La novia de Kurupí
Amado Orue
Pto Piray (Mnes)
Era un lugar paradisíaco. En un pequeño claro del alto bosque se encontraba el remanso del arroyo, una piscina natural maravillosa. Se abastecía de un precioso salto que caía de aproximadamente unos veinte metros de altura y en las hendijas de la roca maciza crecían diversas plantas, entre los que sobresalía los güembé de grandes hojas. Al pie de la caída del salto se iniciaba el estanque y el arroyo continuaba como un desagüe de la laguna en un angosto y torrentoso lecho que se perdía en la espesura. En las orillas del remanso había bancos de blancas arena y algunos peñascos. Después venían los altos helechos que continuaban como sotobosque de la inmensa selva.
Estaban alegremente jugando con las cristalinas aguas un grupo de jóvenes muchachas de la aldea vecina. Algunas muy jóvenes, casi niñas. Completamente desnudas, con los núbiles senos al aire y el sexo cubierto de incipientes vellos.
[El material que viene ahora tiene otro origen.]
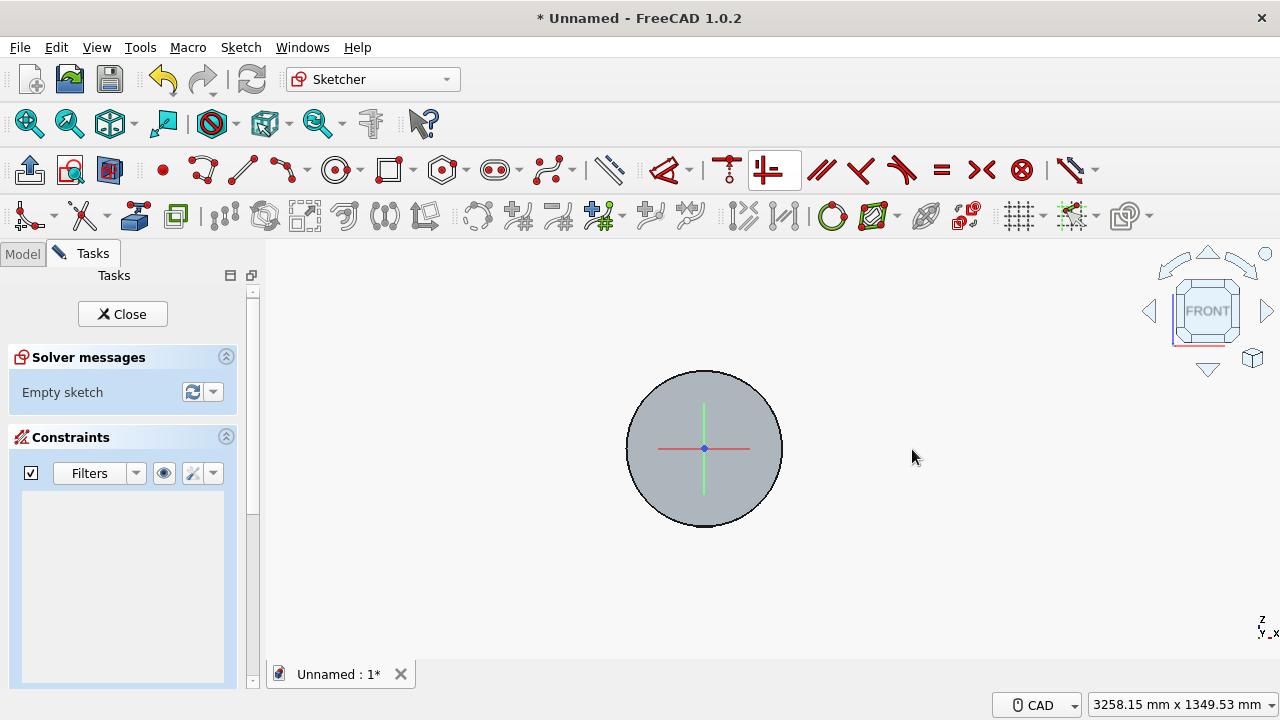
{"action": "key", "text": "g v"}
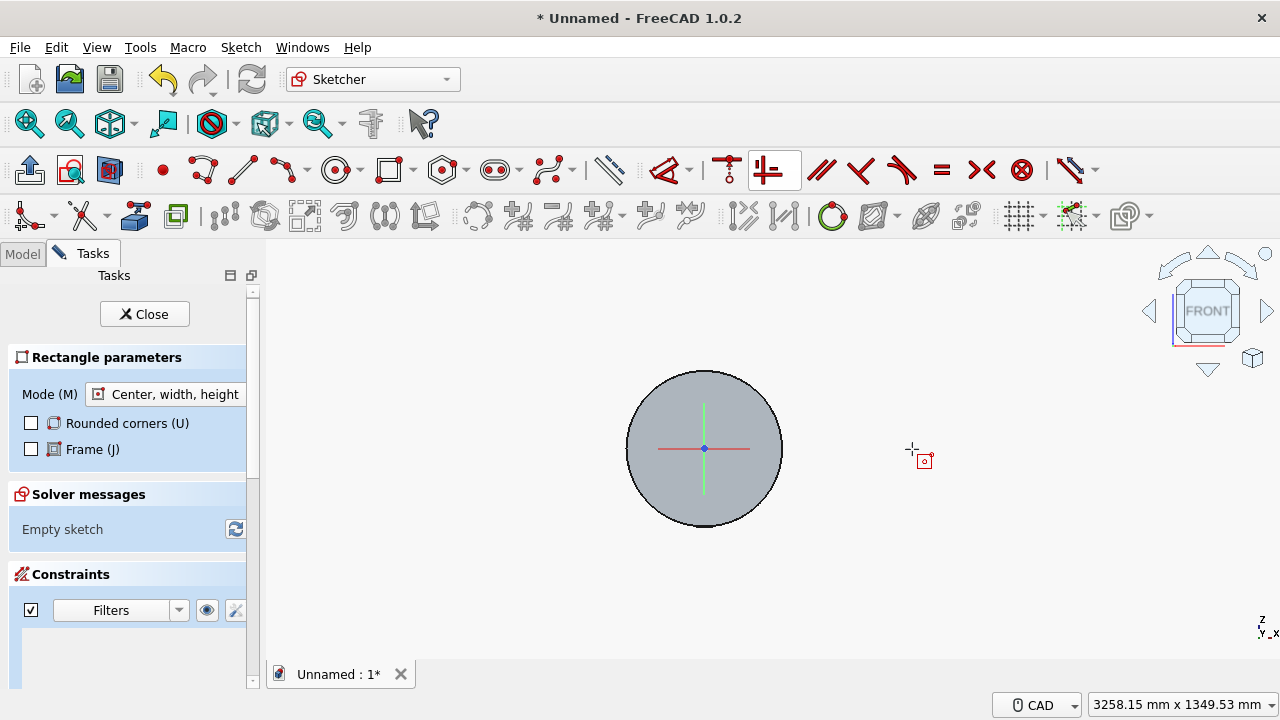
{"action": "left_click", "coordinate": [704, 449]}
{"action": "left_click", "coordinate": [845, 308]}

Oculto, agazapado tras los helechos un ser observaba con entusiasmo el juego de las muchachas. Era un ser de aspecto simiesco, con brazos largos y espalda ligeramente encorvada, pobladas cejas negras; cabello hirsuto, piel escamosa y, lo más llamativo, una verga extraordinariamente larga, que en estado de reposo lo tenía en tres vueltas enrollada en la cintura.
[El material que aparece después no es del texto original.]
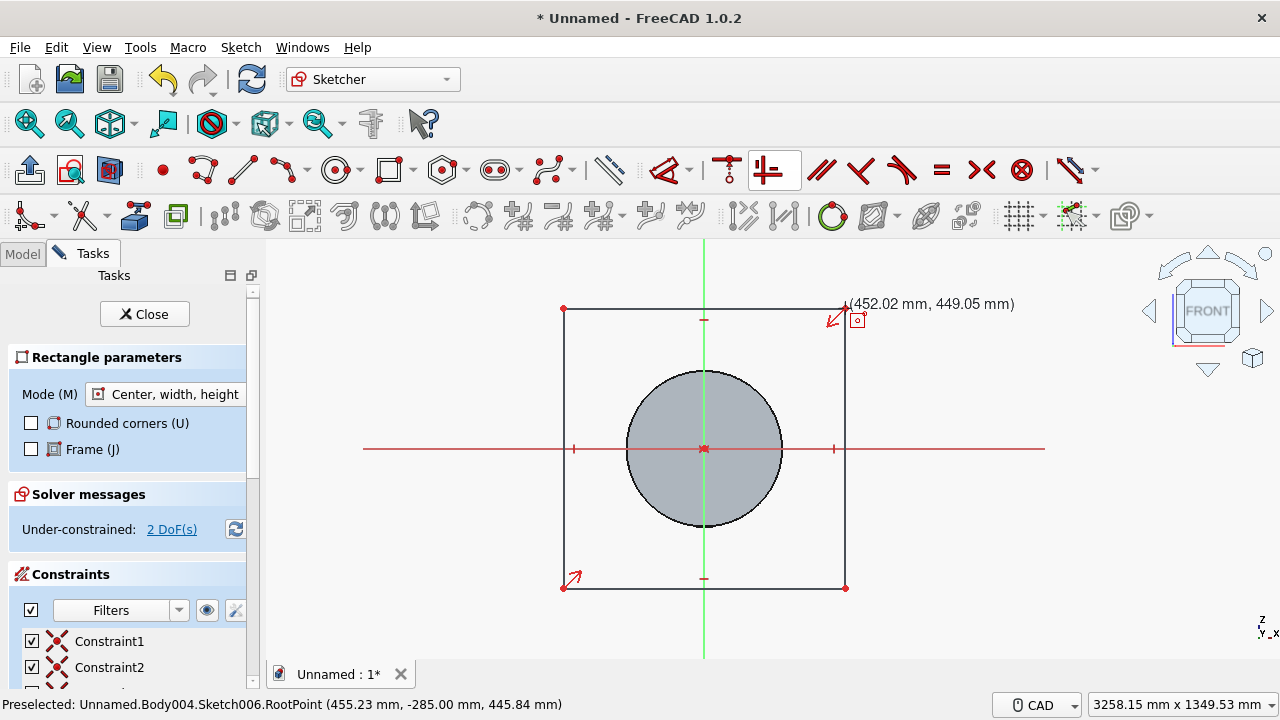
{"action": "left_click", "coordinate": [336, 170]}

A medida que el entusiasmo aumentaba el pene se iba desenrollando y el glande tomaba una coloración rojo oscuro debido a la excitación. El ser pegó un salto cayéndose en medio de las muchachas. La verga salió disparada como un látigo enrollándose en la cintura de la más bella, quién quedó completamente paralizada. Las demás salieron gritando de la laguna y se ocultaron tras los helechos desde donde observaban los acontecimientos. El duende, pues de un duende se trataba, aflojó la tensión de la verga en la cintura de la muchacha y con el glande inflamado comenzó a explorar el cuerpo de la chica; acarició minuciosamente cada uno de los senos; recorrió los glúteos, los muslos y comenzó a introducirse en la vagina. La muchacha dejó escapar un estridente grito de dolor y el agua que estaba azul en su alrededor se fue tiñendo de rojo. El acto sexual le producía un placer tan intenso que le hacía continuar gritando desesperadamente. Los animales que estaban por los alrededores habían rodeado subrepticiamente la laguna y al primer grito de la chica comenzaron a hacer un alboroto infernal, como si quisieran ahogar el lamento de la niña. Se escuchó también un trueno lejano que produjo un estremecimiento a la tierra. También las otras chicas que habían salido del estanque se pusieron a llorar a los gritos. En un momento dado, cuando la muchacha ya estaba por desfallecer, el duende se retiró del cuerpo de ella y de un salto desapareció en la espesura de la selva.
Inmediatamente cesaron los gritos y cayó sobre el lugar un silencio tenso. La joven desfalleciente iba hundiéndose en las aguas cuando rápidamente aparecieron las otras muchachas que pudieron socorrerla. La reanimaron y la llevaron, sosteniéndola, hasta la aldea.
La joven nunca se recuperó completamente. Vivía aislada y encerrada en un profundo mutismo. Se volvió hermosísima pero ningún mozo de la aldea se le acercaba por temor al duende que era profundamente celoso y cruelmente vengativo. De todas maneras, ya ningún varón normal podría darle el intenso placer sexual que solamente puede proporcionarle el duende, de manera que a los jóvenes de la aldea no le interesaba en absoluto. El duende le protegía. En la puerta de su choza amanecían exquisitas frutas, deliciosas mieles silvestres y piezas pequeñas de caza para que pueda alimentarse. También las más hermosas y fragantes flores.
De vez en cuando simplemente desaparecía para regresar, más tarde, con un brillo de plena satisfacción en los ojos y más hermosa que nunca.